EXERCISE:
Please transcribe only the lines between the one containing "Answer in this" and the end of the records, both ends included, exactly as written; skip every picture.

** Opening SOURCE MATERIAL block **

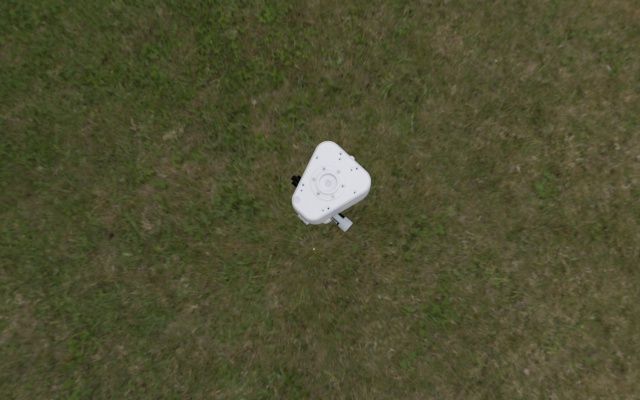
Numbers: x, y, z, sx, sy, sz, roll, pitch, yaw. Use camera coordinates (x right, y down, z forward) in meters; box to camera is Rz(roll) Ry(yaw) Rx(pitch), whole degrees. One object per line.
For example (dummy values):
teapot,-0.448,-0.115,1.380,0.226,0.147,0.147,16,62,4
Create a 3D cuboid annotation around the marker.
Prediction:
marker,0.000,0.002,0.760,0.121,0.020,0.020,42,3,3
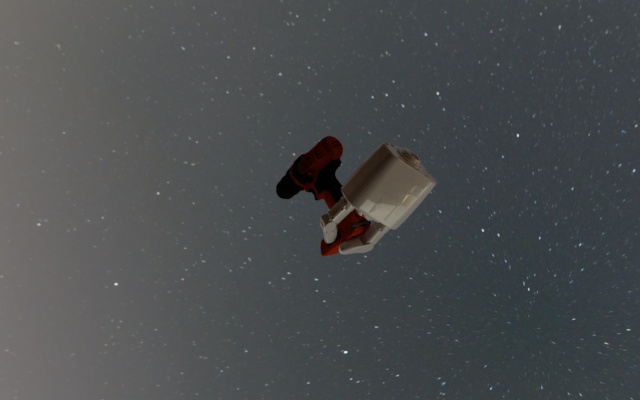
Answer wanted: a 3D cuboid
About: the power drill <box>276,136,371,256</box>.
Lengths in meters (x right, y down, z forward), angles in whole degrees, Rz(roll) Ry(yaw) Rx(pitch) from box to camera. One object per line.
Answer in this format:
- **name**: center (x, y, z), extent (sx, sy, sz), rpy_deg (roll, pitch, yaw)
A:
- **power drill**: center (0.001, 0.003, 0.874), extent (0.057, 0.187, 0.184), rpy_deg (-11, -21, -43)
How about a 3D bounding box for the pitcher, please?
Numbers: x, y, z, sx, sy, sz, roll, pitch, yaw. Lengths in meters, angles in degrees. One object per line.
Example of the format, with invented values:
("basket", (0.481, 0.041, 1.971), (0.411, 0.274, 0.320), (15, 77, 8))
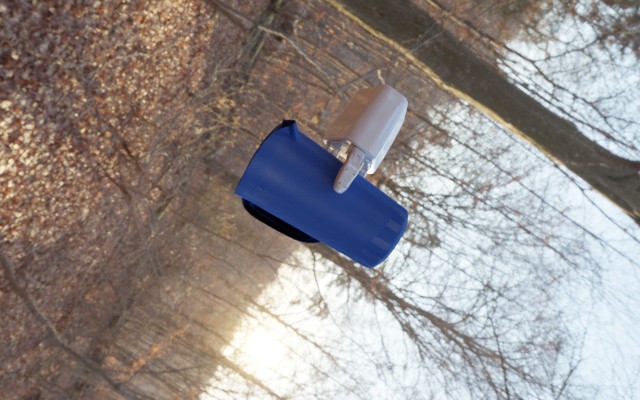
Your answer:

** Closing SOURCE MATERIAL block **

ANSWER FOR THIS EXERCISE:
Answer in this format:
- **name**: center (x, y, z), extent (sx, sy, sz), rpy_deg (roll, pitch, yaw)
A:
- **power drill**: center (0.001, 0.003, 0.874), extent (0.057, 0.187, 0.184), rpy_deg (-11, -21, -43)
How about a 3D bounding box for the pitcher, please?
Numbers: x, y, z, sx, sy, sz, roll, pitch, yaw. Lengths in meters, angles in degrees. One object per line.
Example of the format, with invented values:
("basket", (0.481, 0.041, 1.971), (0.411, 0.274, 0.320), (15, 77, 8))
Your answer:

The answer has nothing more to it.